HomeminewsOphthalmologists and Behavioural Optometrists Disagree Over Report

Ophthalmologists and Behavioural Optometrists Disagree Over Report

The Royal Australian and New Zealand College of Ophthalmologists (RANZCO) has condemned the coverage of a recent Channel 7 News report on behavioural optometry “for failing to acknowledge the lack of research and evidence to support the practice”.

RANZCO President A/Prof Mark Daniell said that “primary dyslexia and learning disabilities are complex neurocognitive conditions and are not caused by vision problems. There is no evidence to suggest that eye exercises, behavioural vision therapy, or special tinted filters or lenses improve the long-term educational performance of people affected by dyslexia or other learning disabilities.
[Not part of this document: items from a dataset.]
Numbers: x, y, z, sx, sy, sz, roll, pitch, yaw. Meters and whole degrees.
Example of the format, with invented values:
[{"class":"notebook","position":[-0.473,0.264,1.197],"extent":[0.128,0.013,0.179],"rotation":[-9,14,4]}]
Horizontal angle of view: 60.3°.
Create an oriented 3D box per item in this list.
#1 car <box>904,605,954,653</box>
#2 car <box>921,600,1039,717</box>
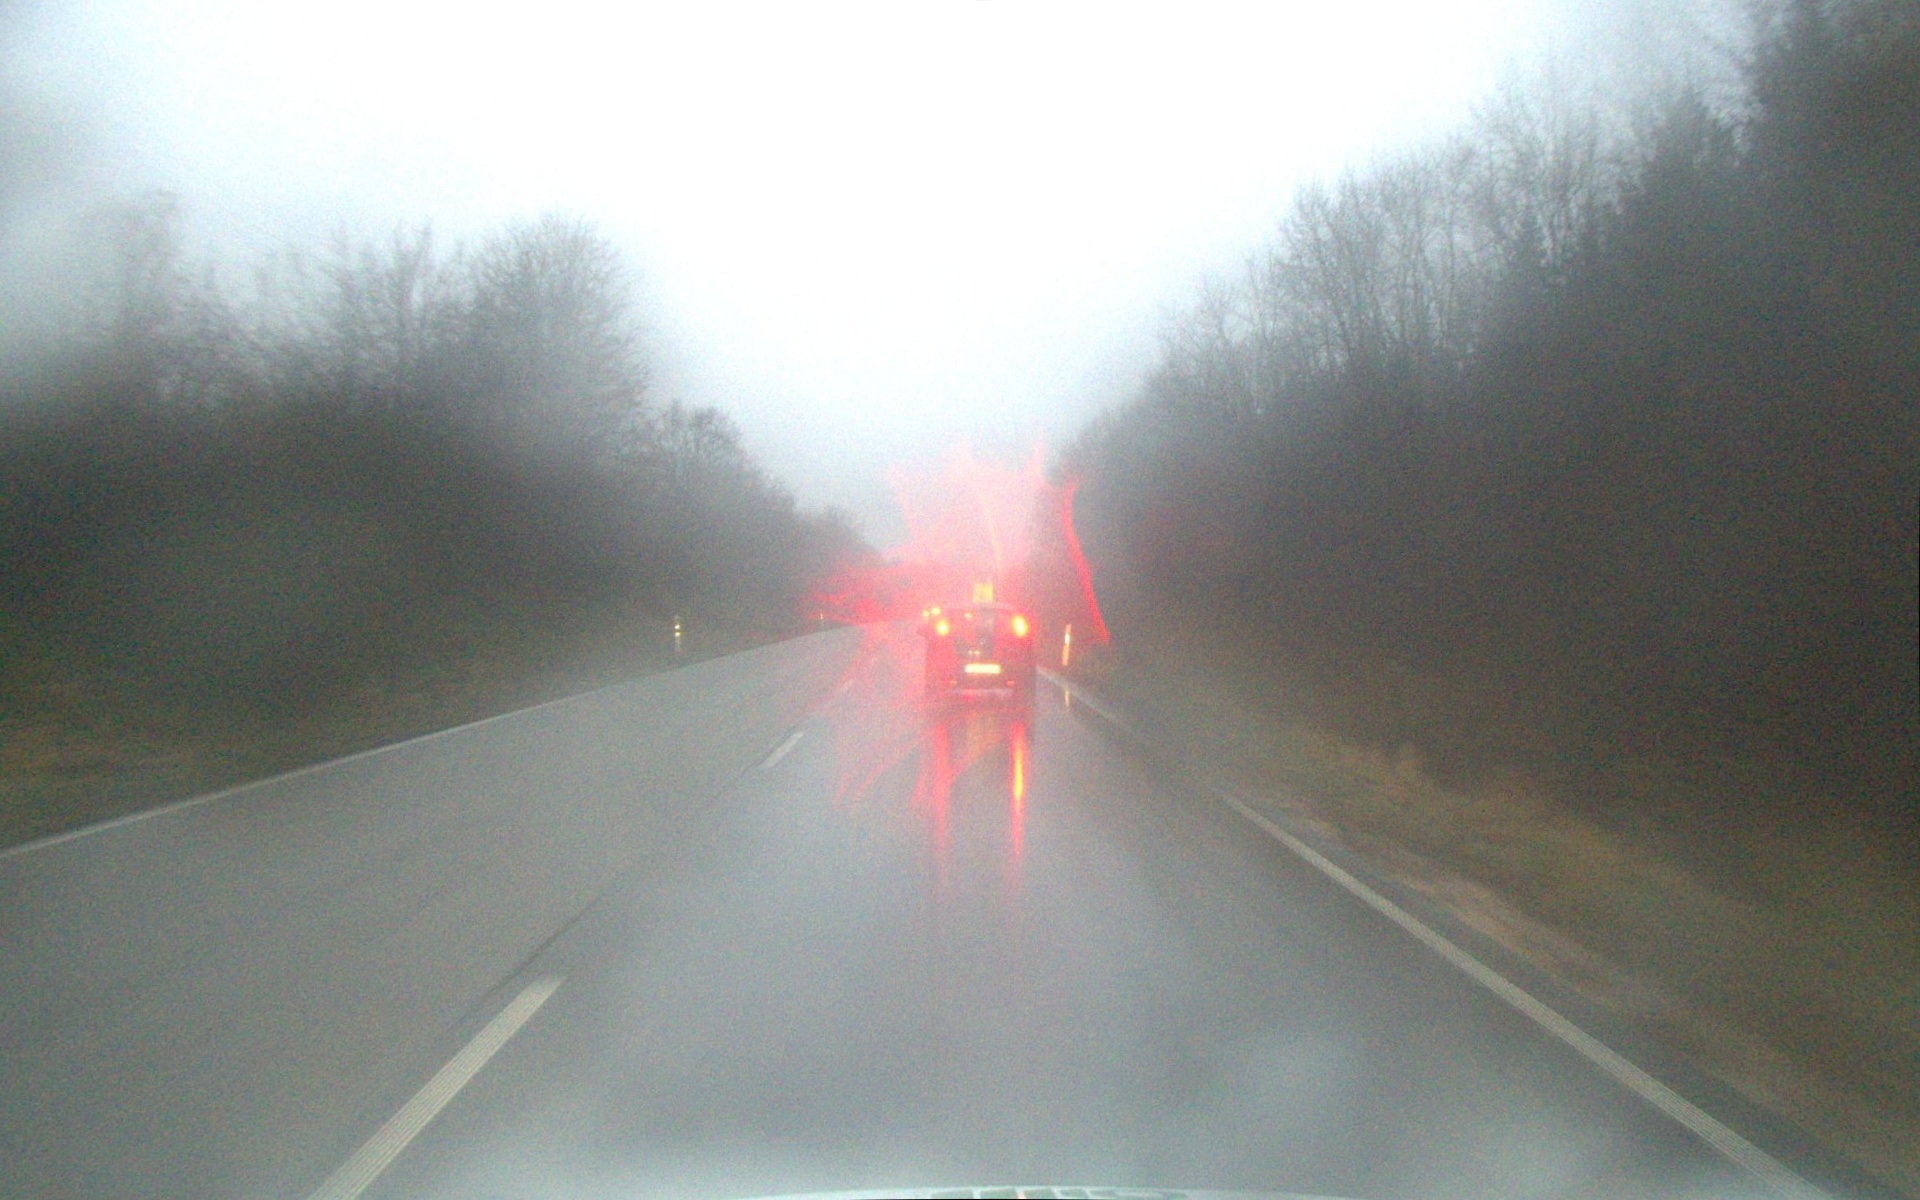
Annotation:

“It is irresponsible to promote behavioural optometry to treat these conditions without letting people know that it is an unproven practice. Parents of children with dyslexia and other learning disabilities want to do what’s best for their children and it is unfair to give them false hope in expensive treatments and aids for which there is no evidence.”

The Australasian College of Behavioural Optometrists (ACBO) responded to what they claimed were “inaccuracies highlighted” by RANZCO stating that “behavioural optometrists do not diagnose and treat learning disabilities or dyslexia, and that RANZCO seems to ignore the substantial evidence that exists. ”
ACBO said that the policy of Behavioural Optometrists, which it says is available on its website, is to treat “problems of vision function, including focusing, eye coordination and eye movements, and development of vision perception, which can potentially affect a child’s or adult’s ability to use their eyes for reading, computer use and other activities of daily living.”

ACBO President Steve Leslie stated that “There is a considerable body of highly credible peer reviewed evidence and research that supports the practices of ACBO Members. This has a strong historical basis which continues to develop. RANZCO’s continued use of discredited and out of date references to prosecute the case against Behavioural Optometry is unfortunate and unfair.”